5 февраля он оформил у вернонского нотариуса г-на Леклерка акт приобретения в собственность небольшого земельного участка (площадью примерно 1300 квадратных метров), расположенного чуть ниже его сада. Он давно заглядывался на этот клочок земли, и вот наконец его желание осуществилась. Теперь ему было достаточно пересечь так называемый Королевский тракт, перебраться через узкоколейку Жизор-Паси, и он оказывался в своем владении, в месте, о котором столько мечтал.
Да и кто бы отказался стать владельцем сада, через который течет ручей? Моне ликовал. Небольшой приток Эпты действительно делал здесь петлю, пробегая по краю приобретенной художником земли. Этот игривый ручеек даст рождение не одному живописному шедевру, в этом он не сомневался.
И вдруг затея едва не сорвалась. Деревенские жители заподозрили неладное. «Кто его знает, этого художника? — шепотом судачили они. — Сажает не пойми чего, еще напустит в ручей отравы, а нам этой водой скотину поить!»

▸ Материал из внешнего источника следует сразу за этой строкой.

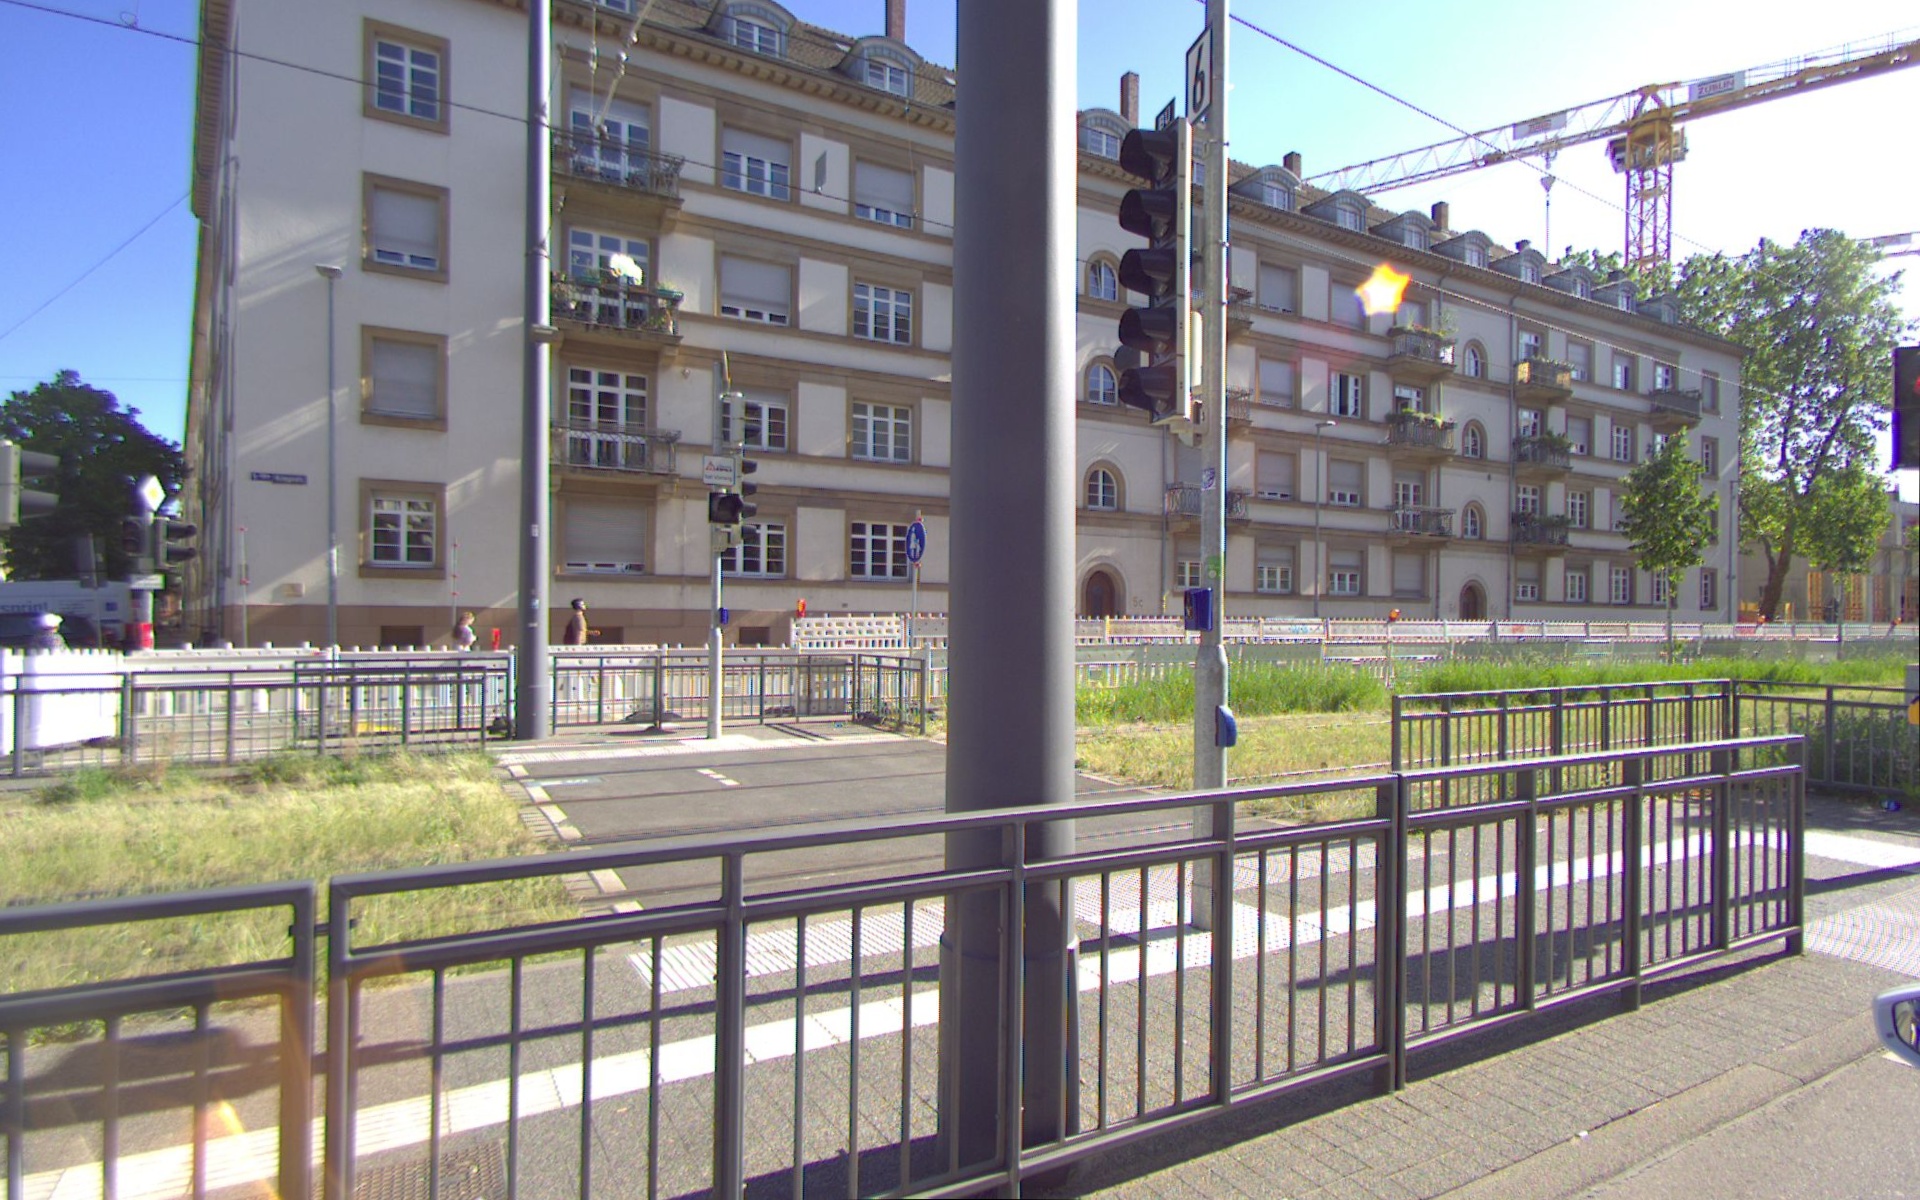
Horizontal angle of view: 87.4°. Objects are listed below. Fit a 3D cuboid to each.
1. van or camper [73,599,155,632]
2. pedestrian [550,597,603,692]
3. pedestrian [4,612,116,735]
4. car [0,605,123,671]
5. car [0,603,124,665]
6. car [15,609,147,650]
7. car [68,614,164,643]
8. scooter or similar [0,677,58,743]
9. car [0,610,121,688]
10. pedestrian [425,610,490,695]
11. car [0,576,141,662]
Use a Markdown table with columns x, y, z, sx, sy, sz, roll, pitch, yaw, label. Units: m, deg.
| x | y | z | sx | sy | sz | roll | pitch | yaw | label |
| --- | --- | --- | --- | --- | --- | --- | --- | --- | --- |
| -59.280 | 1.096 | 70.450 | 4.311 | 2.244 | 1.930 | 2 | 0 | -40 | van or camper |
| -7.840 | 0.896 | 20.509 | 0.861 | 1.888 | 0.763 | 2 | 0 | -30 | pedestrian |
| -11.503 | 0.922 | 12.865 | 0.698 | 1.524 | 0.805 | 0 | -1 | -5 | pedestrian |
| -24.915 | 0.987 | 26.702 | 3.965 | 1.662 | 1.849 | 2 | 0 | -38 | car |
| -26.294 | 0.953 | 28.411 | 3.965 | 1.662 | 1.849 | 2 | 0 | -38 | car |
| -36.283 | 1.216 | 41.605 | 3.965 | 1.576 | 1.848 | 2 | 0 | -39 | car |
| -46.168 | 1.565 | 55.055 | 3.967 | 1.449 | 1.758 | 2 | 0 | -40 | car |
| -11.452 | 1.313 | 12.063 | 0.698 | 0.729 | 0.606 | 1 | -1 | -9 | scooter or similar |
| -21.582 | 1.069 | 22.565 | 3.959 | 1.662 | 1.851 | 2 | 0 | -34 | car |
| -9.424 | 0.967 | 18.834 | 1.009 | 1.538 | 0.783 | 2 | 0 | -30 | pedestrian |
| -28.149 | 0.543 | 29.969 | 5.710 | 2.487 | 1.977 | 2 | 0 | -40 | car |

На самом деле ничего сажать в самом ручье Моне не собирался. Он хотел лишь вырыть небольшой водоем для разведения водных растений. Но, чтобы водоем не пересох, ему требуется вода! Об этом он и сообщил в письме к префекту департамента Эра, с которым сегодня можно ознакомиться в местном архиве. Он намеревался провести от ручья к водоему «небольшой открытый с обеих сторон канал, снабженный запорным устройством».